But all these results do not test real work copy. They test copying
from memory to memory with zero (practical) latency.

When I tested using real storage on a real server, I got best results
using 16 requests and one connection and a request size of 1m.

4 connections with 4 requests per connection with the same request
size seem to be ~10% faster in these conditions.

I posted more info on these tests here:
https://listman.redhat.com/archives/libguestfs/2021-May/msg00124.html

Of course testing with other servers or storage can show different results,
and it is impossible to find a value that will work best in all cases.
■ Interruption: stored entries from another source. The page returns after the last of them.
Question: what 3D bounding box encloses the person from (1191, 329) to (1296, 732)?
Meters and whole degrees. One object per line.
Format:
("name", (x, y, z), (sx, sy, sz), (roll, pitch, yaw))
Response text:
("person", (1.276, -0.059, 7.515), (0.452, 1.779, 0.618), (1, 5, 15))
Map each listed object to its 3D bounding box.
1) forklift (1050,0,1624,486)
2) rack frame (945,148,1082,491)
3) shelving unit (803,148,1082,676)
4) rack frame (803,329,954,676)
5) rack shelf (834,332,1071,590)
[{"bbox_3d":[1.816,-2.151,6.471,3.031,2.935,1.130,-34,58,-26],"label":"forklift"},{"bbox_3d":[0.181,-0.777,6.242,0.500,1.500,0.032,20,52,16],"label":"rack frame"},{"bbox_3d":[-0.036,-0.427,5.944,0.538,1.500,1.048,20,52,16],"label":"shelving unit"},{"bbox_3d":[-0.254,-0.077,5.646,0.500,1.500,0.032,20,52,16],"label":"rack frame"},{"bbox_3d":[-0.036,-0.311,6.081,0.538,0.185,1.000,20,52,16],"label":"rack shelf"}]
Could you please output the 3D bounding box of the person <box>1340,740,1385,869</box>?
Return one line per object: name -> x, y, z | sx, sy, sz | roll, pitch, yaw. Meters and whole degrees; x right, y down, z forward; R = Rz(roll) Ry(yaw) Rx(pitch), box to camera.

I think we need to test both the number of requests and connections to
improve the defaults.

> ---
>  copy/main.c | 2 +-
>  1 file changed, 1 insertion(+), 1 deletion(-)
>
> diff --git a/copy/main.c b/copy/main.c
> index 0fddfc3..70534b5 100644
> --- a/copy/main.c
> +++ b/copy/main.c
> @@ -50,7 +50,7 @@ bool flush;                     /* --flush flag */
>  unsigned max_requests = 64;     /* --requests */
>  bool progress;                  /* -p flag */
>  int progress_fd = -1;           /* --progress=FD */
> -unsigned request_size = MAX_REQUEST_SIZE;  /* --request-size */
> +unsigned request_size = 1<<18;  /* --request-size */

But this is clearly a better default.

>  unsigned sparse_size = 4096;    /* --sparse */
>  bool synchronous;               /* --synchronous flag */
>  unsigned threads;               /* --threads */
> --
> 2.32.0
>

Nir